Where is a good place for a safe room? Do you need a storm shelter? What should be stored there?

Your home is one of the safest places to be during a tornado or severe storms, but most homes aren't built to withstand sustained winds exceeding 90 miles per hour.

If you live in an area where extreme windstorms, hurricanes, tornados, or severe lightening storms frequently occur, you may want to consider building some kind of cement or underground shelter.

safe room
This is a safe room built in a garage.

Safe Room

The purpose of a shelter or safe room is to provide a space where you and your household can seek refuge that provides a high level of protection.

There are several areas of your home that would be a good safe room:

  • In your basement
  • Beneath a concrete slab-on-grade-foundation or garage floor
  • In an interior room on the first floor. Shelters built below ground level provide the greatest protection, but a shelter built in a first-floor interior room can also provide the necessary protection. Below-ground shelters must be designed to avoid accumulating water during the heavy rains that often accompany severe windstorms.

To protect your family, a safe room within your home must be built to withstand high winds and flying debris, even if the rest of the residence is severely damaged or destroyed

Here are some important criteria for the space you choose:


  • The shelter must be adequately anchored to resist overturning and uplift.
  • The walls, ceiling, and door of the shelter must withstand wind pressure and resist penetration by wind-borne objects and falling debris.
  • The connections between all parts of the shelter must be strong enough to resist the wind.
  • If sections of either interior or exterior residence walls are used as walls of the shelter, they must be separated from the structure of the residence, so that damage to the residence will not cause damage to the shelter.

Just like a shelter area in your home, this room should be stocked with supplies to last for a day or two.

Since your chosen room has no windows, you'll definitely need a good, reliable source of temporary light.

Keep your small supply kit stocked and ready in the back of the closet to help the frightening hours pass.

Creating a Safe Room

  • Cover all doors, windows and vents with 2-4 mil. thick plastic sheeting.
  • Cut the plastic sheeting several inches wider than the openings and label each sheet.
  • Duct tape plastic at corners first, then tape down all edges.

creating a safe room

Storm Shelter

in ground safe room
This in-ground storm
shelter is made of
10-gauge steel.
All seams are seal
welded for both
structural integrity
and leak resistance.

A storm shelter that is below ground may or may not be connected to the house. It is especially useful in areas where it is not safe to be above ground during a storm, such as tornados. They can be built of concrete or steel as the photo on the right shows.

You may live in an area where building a concrete storm shelter would be overkill or do no good at all. I live in an earthquake-prone area. Even an underground shelter may break in pieces during a severe earthquake.

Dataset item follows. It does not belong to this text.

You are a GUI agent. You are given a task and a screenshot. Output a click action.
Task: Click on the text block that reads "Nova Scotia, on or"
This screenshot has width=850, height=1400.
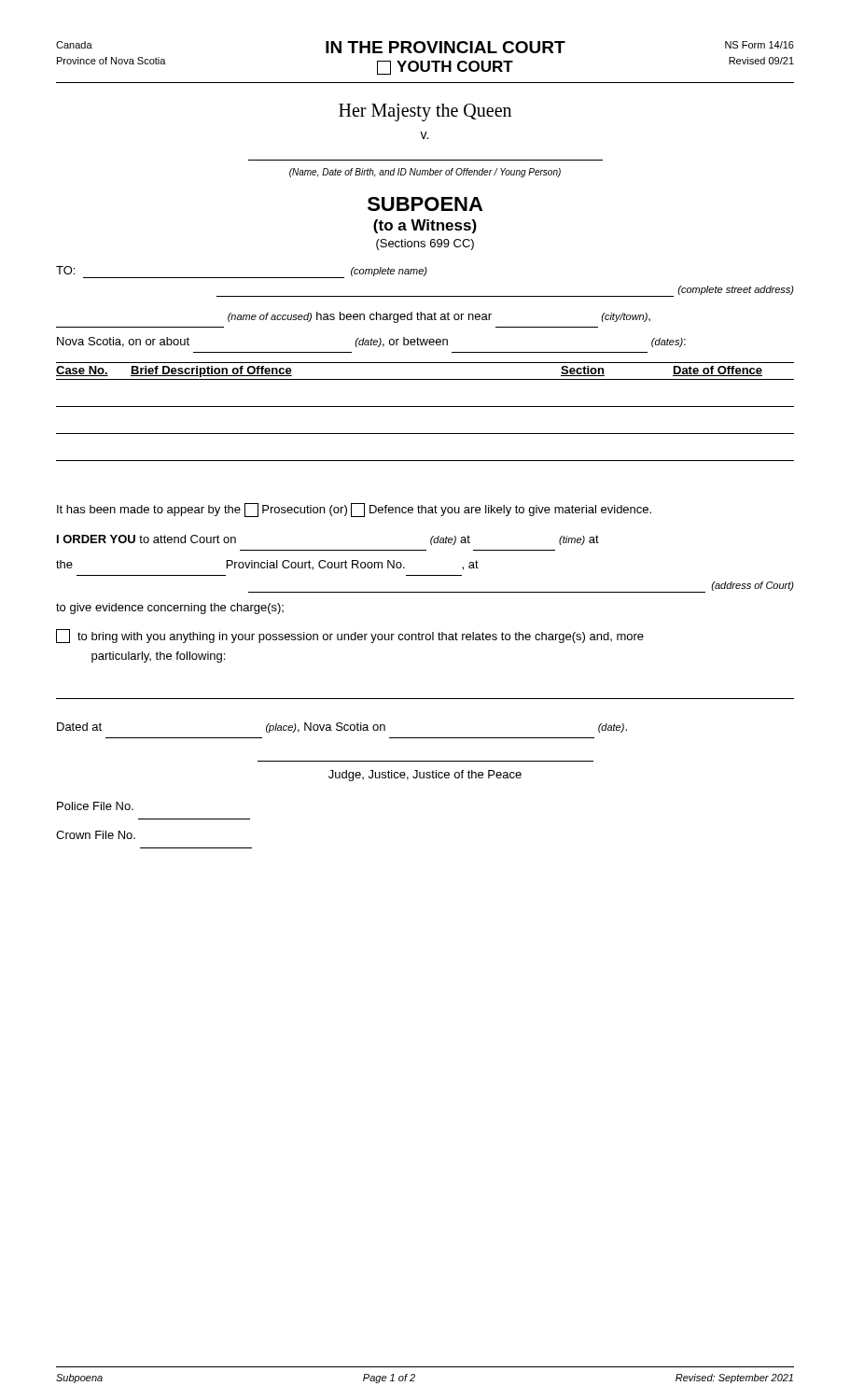(371, 342)

We have had exactly one tornado here (Utah) in the recorded history of our state, and hurricanes will never happen here. However, a safe room may be necessary for other types of disasters.

 

Whether you create a safe room in your home or build a storm shelter is considered a temporary protective measure to create a barrier between your family and potentially contaminated air outside as well as protection from flying or falling objects. It is a type of sheltering in place that requires preplanning.